» **WORK ITEM**: Only one span of the listing below should come back. It runs from the line with "- car <box>1321,581,1413,621</box>" through the line with "Reply with a", and each of its lines must be reproduced exactly.

» **DATA FOR ANALYSIS**:
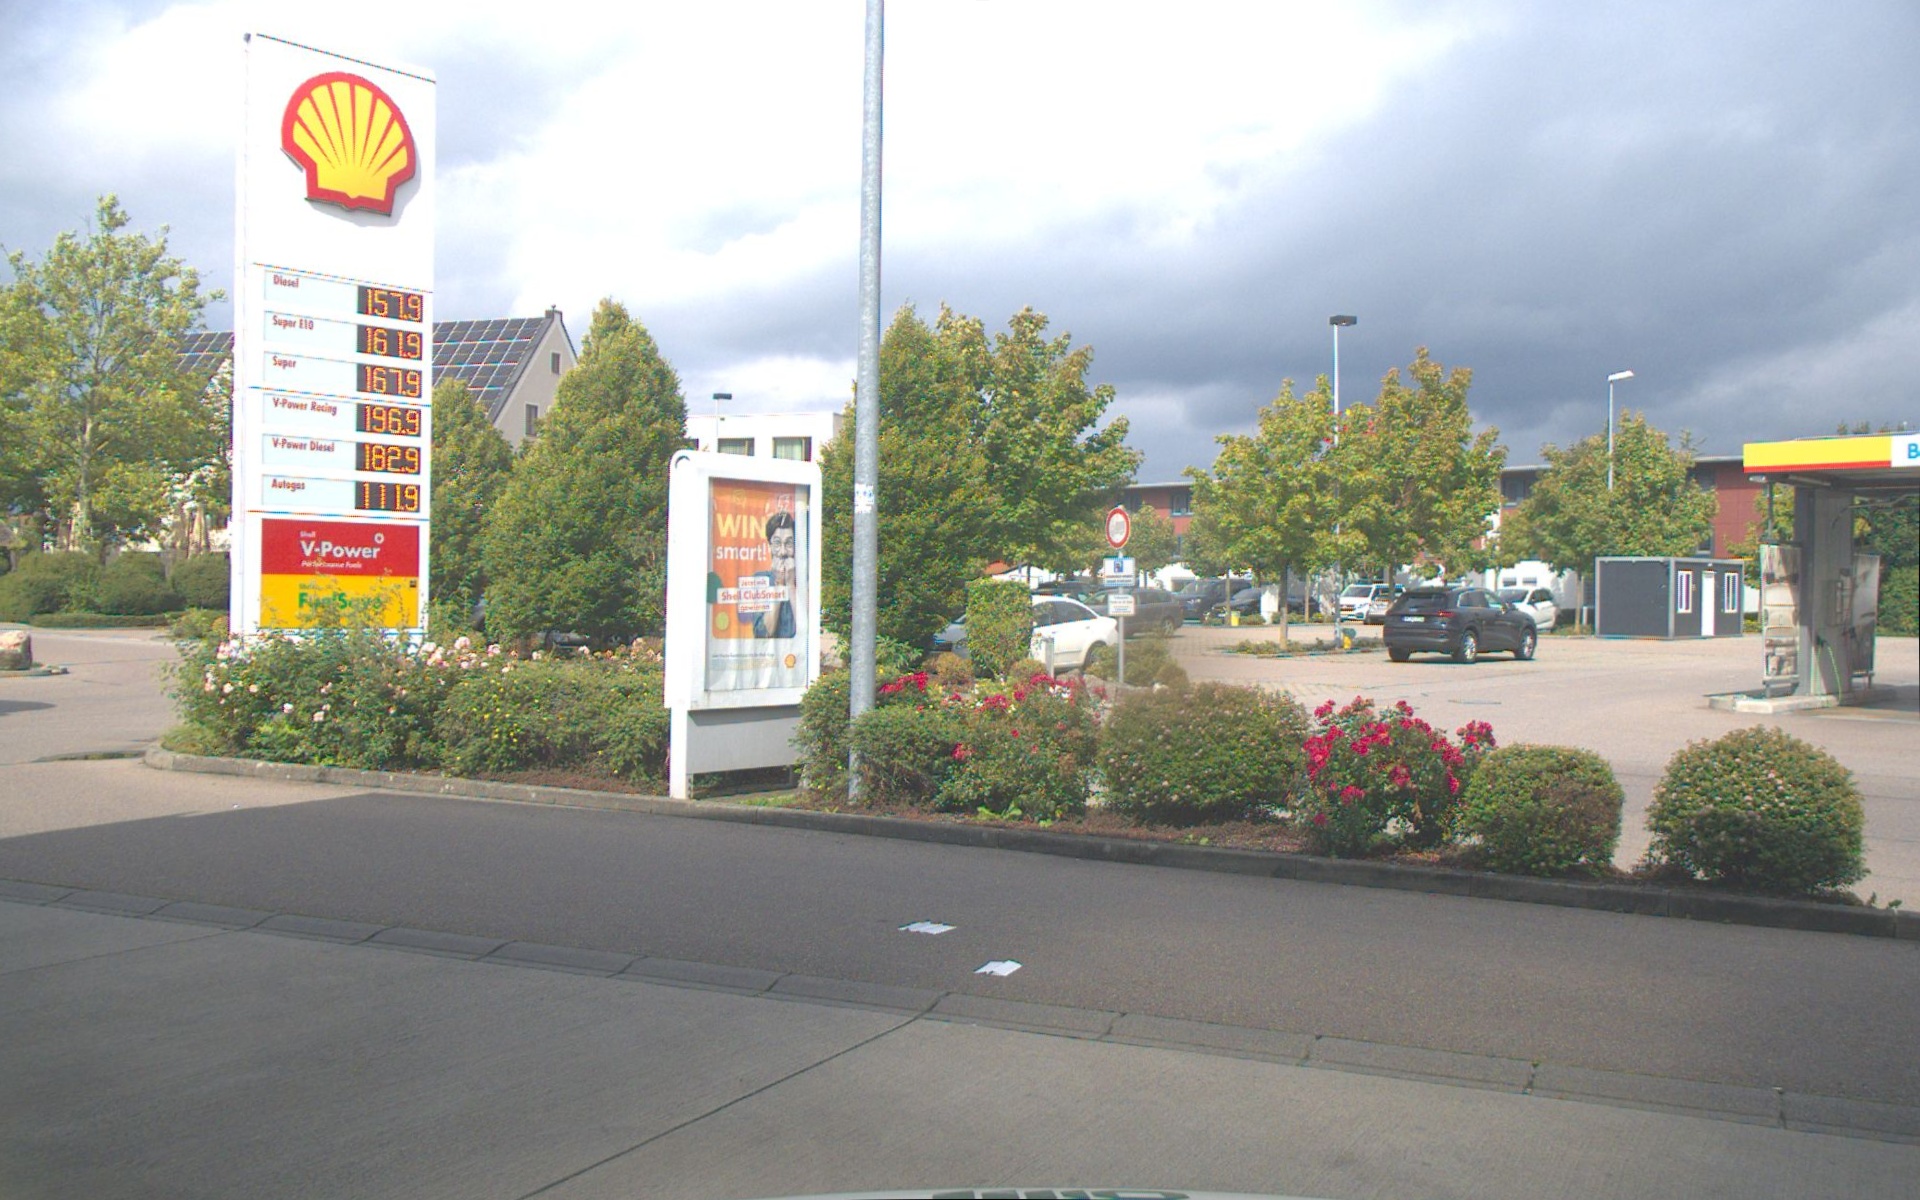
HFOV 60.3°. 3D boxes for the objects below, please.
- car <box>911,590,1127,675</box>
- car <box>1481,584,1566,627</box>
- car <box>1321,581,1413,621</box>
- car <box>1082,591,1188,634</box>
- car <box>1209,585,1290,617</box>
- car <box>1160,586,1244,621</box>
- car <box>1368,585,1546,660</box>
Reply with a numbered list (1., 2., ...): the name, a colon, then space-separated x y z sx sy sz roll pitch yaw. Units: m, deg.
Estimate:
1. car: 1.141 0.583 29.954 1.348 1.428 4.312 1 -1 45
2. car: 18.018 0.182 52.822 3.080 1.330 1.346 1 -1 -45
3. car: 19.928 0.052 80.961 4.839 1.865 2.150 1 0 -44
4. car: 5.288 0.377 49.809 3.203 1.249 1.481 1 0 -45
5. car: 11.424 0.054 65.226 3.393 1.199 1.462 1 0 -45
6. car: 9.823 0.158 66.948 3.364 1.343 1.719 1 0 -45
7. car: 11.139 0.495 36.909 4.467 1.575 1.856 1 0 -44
...
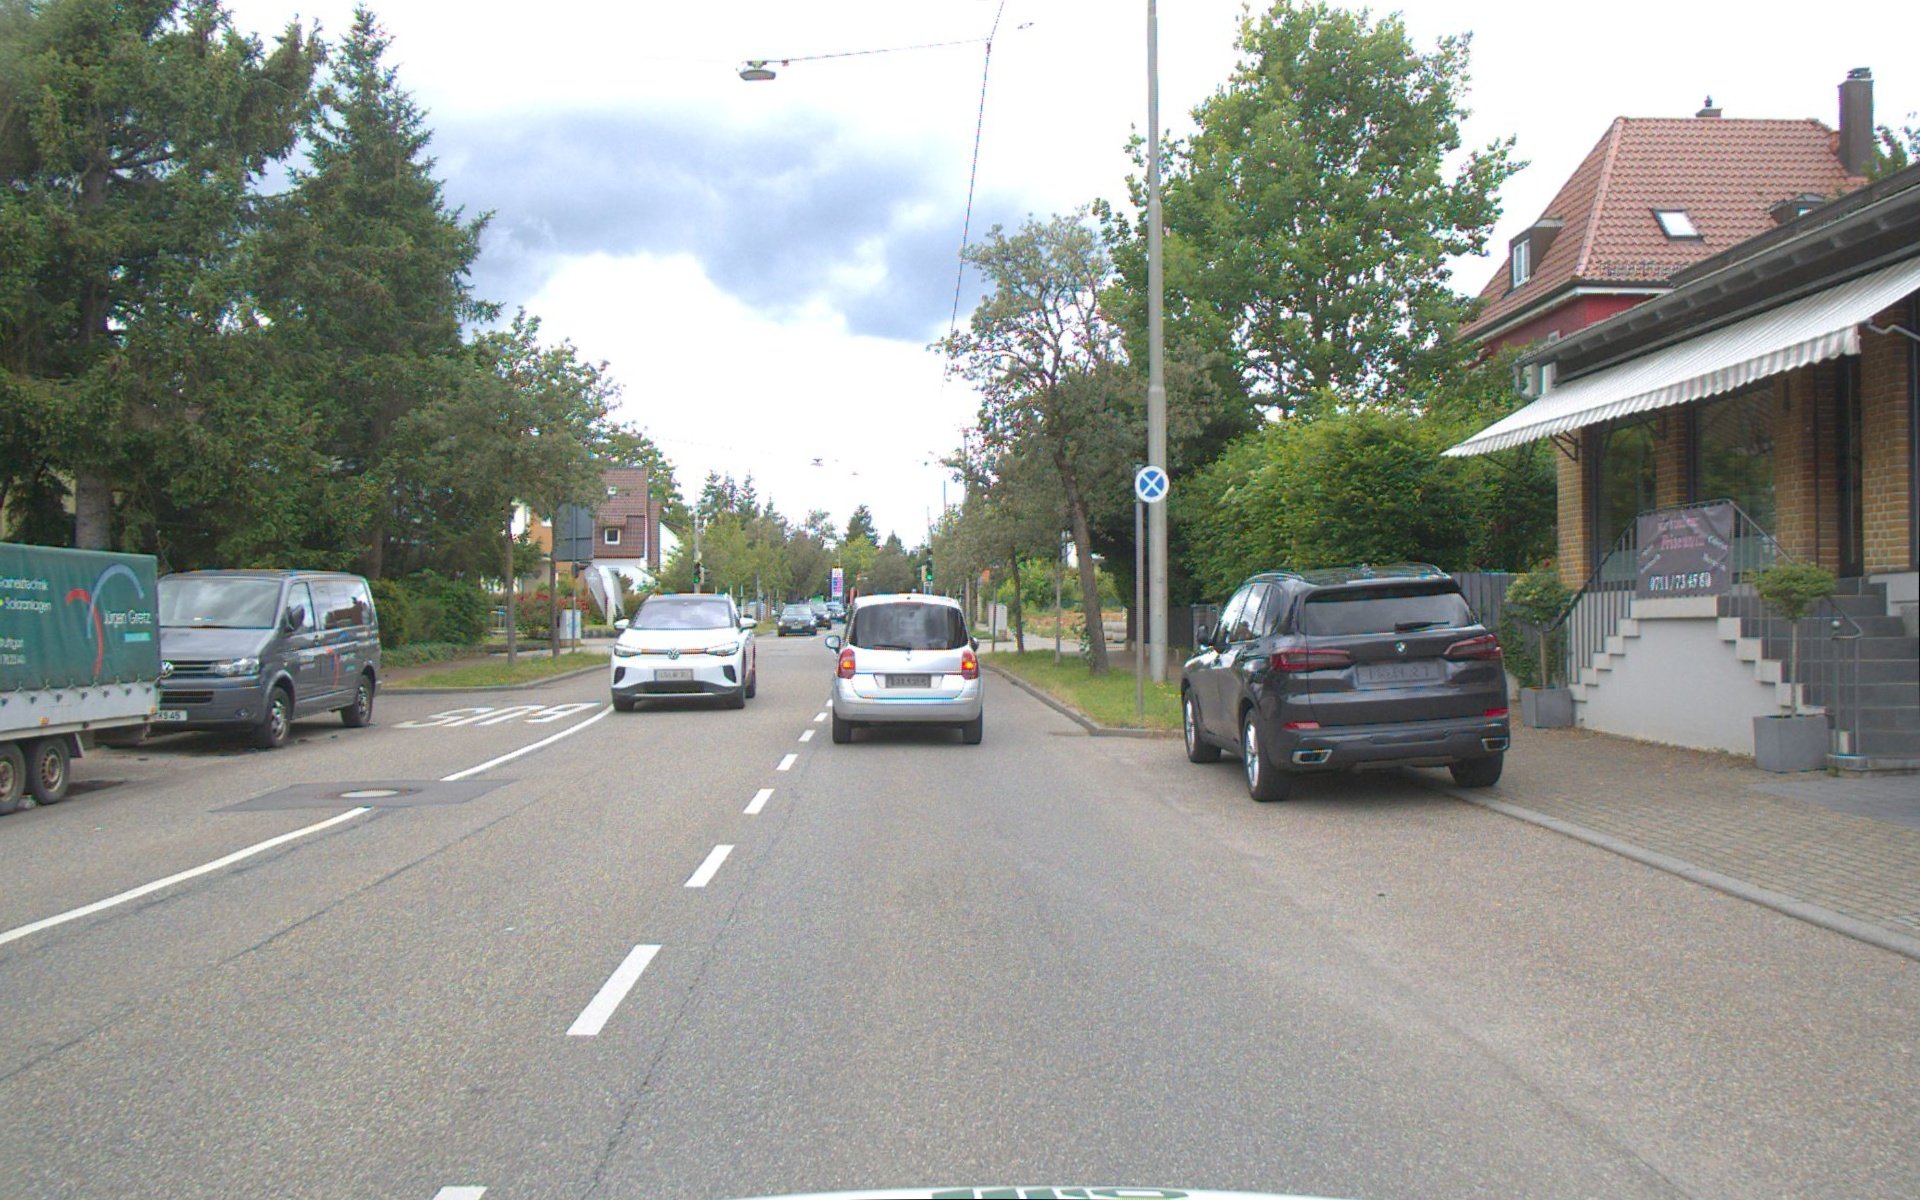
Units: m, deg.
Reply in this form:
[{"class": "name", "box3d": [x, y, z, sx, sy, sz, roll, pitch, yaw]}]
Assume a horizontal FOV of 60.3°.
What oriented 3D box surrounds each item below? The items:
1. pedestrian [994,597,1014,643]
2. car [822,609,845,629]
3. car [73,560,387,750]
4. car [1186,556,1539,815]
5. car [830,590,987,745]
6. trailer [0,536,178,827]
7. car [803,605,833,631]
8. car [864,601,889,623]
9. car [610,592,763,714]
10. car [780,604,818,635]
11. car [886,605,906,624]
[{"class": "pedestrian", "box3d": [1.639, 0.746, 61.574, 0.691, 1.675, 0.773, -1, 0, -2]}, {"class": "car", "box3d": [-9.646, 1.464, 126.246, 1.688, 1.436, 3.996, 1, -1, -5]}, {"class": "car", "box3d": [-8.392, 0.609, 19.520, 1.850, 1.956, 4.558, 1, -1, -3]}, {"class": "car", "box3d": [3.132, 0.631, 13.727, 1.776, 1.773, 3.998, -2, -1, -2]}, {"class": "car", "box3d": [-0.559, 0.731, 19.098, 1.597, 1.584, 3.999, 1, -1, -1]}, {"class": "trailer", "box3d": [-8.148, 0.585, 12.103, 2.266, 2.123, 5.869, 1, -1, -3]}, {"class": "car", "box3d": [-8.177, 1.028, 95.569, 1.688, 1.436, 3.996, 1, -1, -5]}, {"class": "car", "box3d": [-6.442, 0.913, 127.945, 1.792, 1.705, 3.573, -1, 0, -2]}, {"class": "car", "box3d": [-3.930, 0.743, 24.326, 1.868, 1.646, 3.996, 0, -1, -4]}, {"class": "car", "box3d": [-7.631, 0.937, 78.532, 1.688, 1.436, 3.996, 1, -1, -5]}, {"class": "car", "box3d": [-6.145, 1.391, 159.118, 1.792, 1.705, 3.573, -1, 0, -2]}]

» **RESULT FOR THIS TASK**:
- car <box>1321,581,1413,621</box>
- car <box>1082,591,1188,634</box>
- car <box>1209,585,1290,617</box>
- car <box>1160,586,1244,621</box>
- car <box>1368,585,1546,660</box>
Reply with a numbered list (1., 2., ...): the name, a colon, then space-separated x y z sx sy sz roll pitch yaw. Units: m, deg.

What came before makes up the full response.